Italy approved a decree Monday which empowers it to take a stake in Telecom Italia SpA’s network business, part of an effort by Prime Minister Giorgia Meloni’s increasingly activist government to assert more control over strategic assets.
(Bloomberg) — Italy approved a decree Monday which empowers it to take a stake in Telecom Italia SpA’s network business, part of an effort by Prime Minister Giorgia Meloni’s increasingly activist government to assert more control over strategic assets.
The decree gives cabinet backing to an agreement with US private equity firm KKR & Co. to jointly control Telecom Italia’s grid. Under the deal, which has been in the works for months, Italy is entitled to take as much as 20% of the business, the most valuable in the former monopoly’s portfolio.
“Our vision is the one that the center-right has always backed: assuming strategic control of the telecom network and protecting jobs,” Meloni said during the cabinet meeting, according to a statement distributed by her office.
“What we are taking today is a first step, which will be followed by more market-driven decisions,” she added.
KKR signed a preliminary agreement this month to include the government in its €23 billion ($25 billion) bid for the network, which Telecom Italia is offloading in an effort to trim gross debt of more than €30 billion.

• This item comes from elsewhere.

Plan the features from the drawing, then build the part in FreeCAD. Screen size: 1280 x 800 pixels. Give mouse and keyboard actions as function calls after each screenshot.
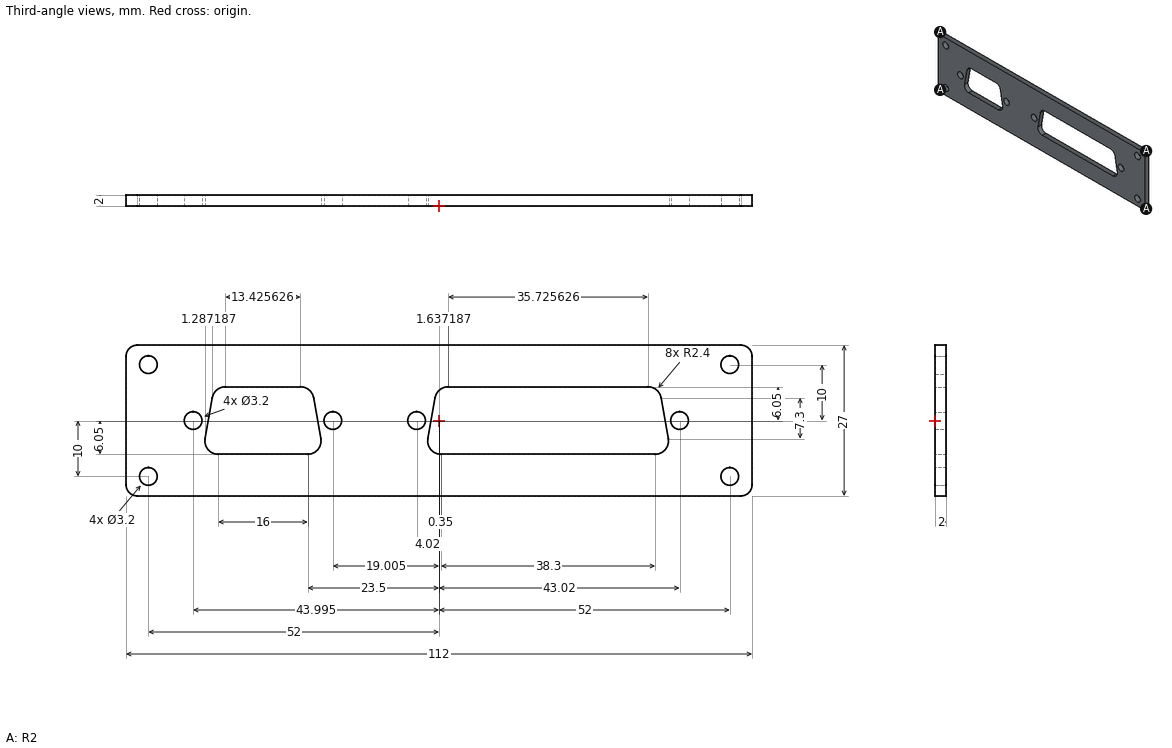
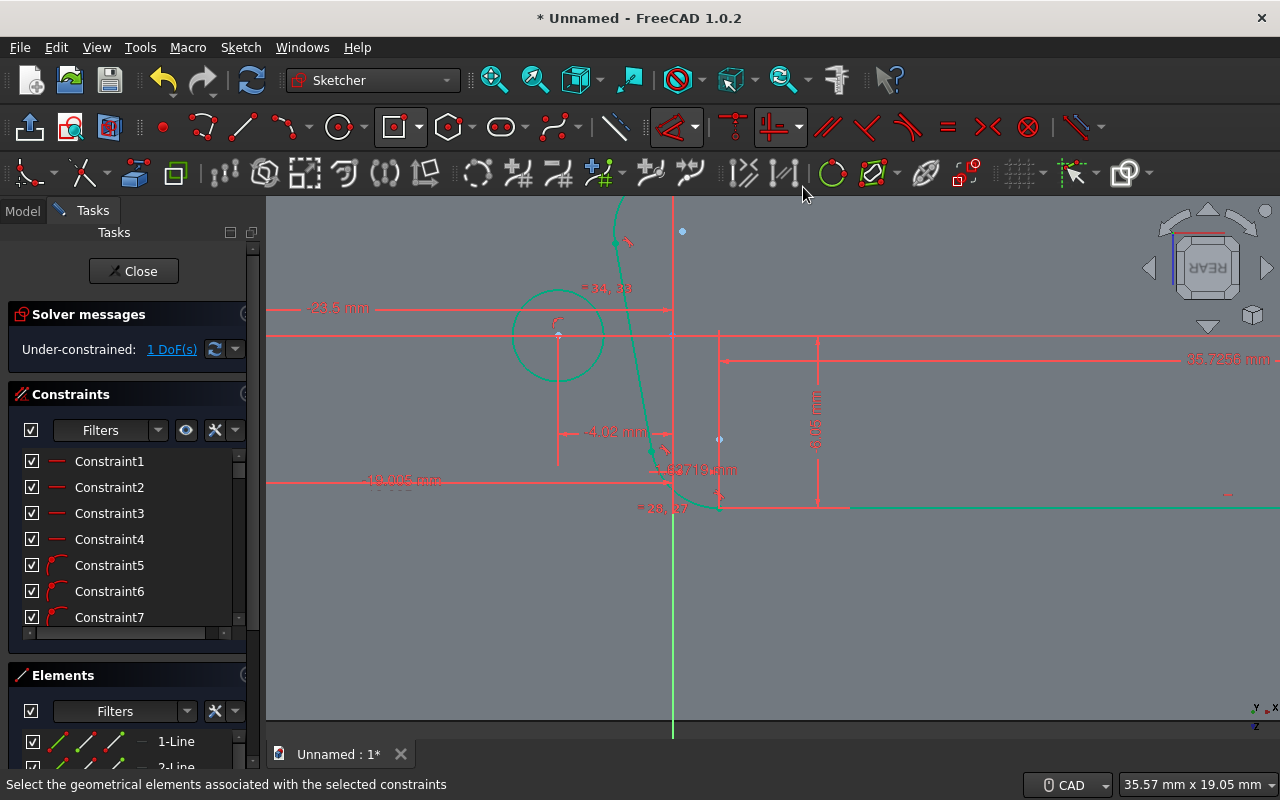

The government is ready to spend as much as €2.2 billion on the deal, Economy Minister Giancarlo Giorgetti said at a news conference in Rome. A role is still possible for state lender Cassa Depositi e Prestiti “compatible with antitrust limits,” he added.
How and for how much to sell the asset has for years been a contentious issue with the company’s largest shareholder, France’s Vivendi SE, which earlier opposed the deal.
While the company is privately owned, the telecommunications business falls under the oversight of the government, which has the right to veto deals involving what it considers strategic assets.
The reason for the government’s decision to take a stake is “to have a say over issues of security and infrastructure that are vital for the future of the country,” Giorgetti said.
Meloni’s coalition, which inherited the unresolved problem of what to do with the network business from former Premier Mario Draghi’s government in 2022, has pledged to protect Telecom Italia’s 40,000 employees but for months disagreed on the best way to proceed.
The decision to become directly involved in the company’s ownership reflects Meloni’s interventionist strategy and her interest in keeping a direct control in the business.
The former telecoms monopoly has been grappling with a complex mix of high labor costs and the need for ever-expanding investments to modernize infrastructure.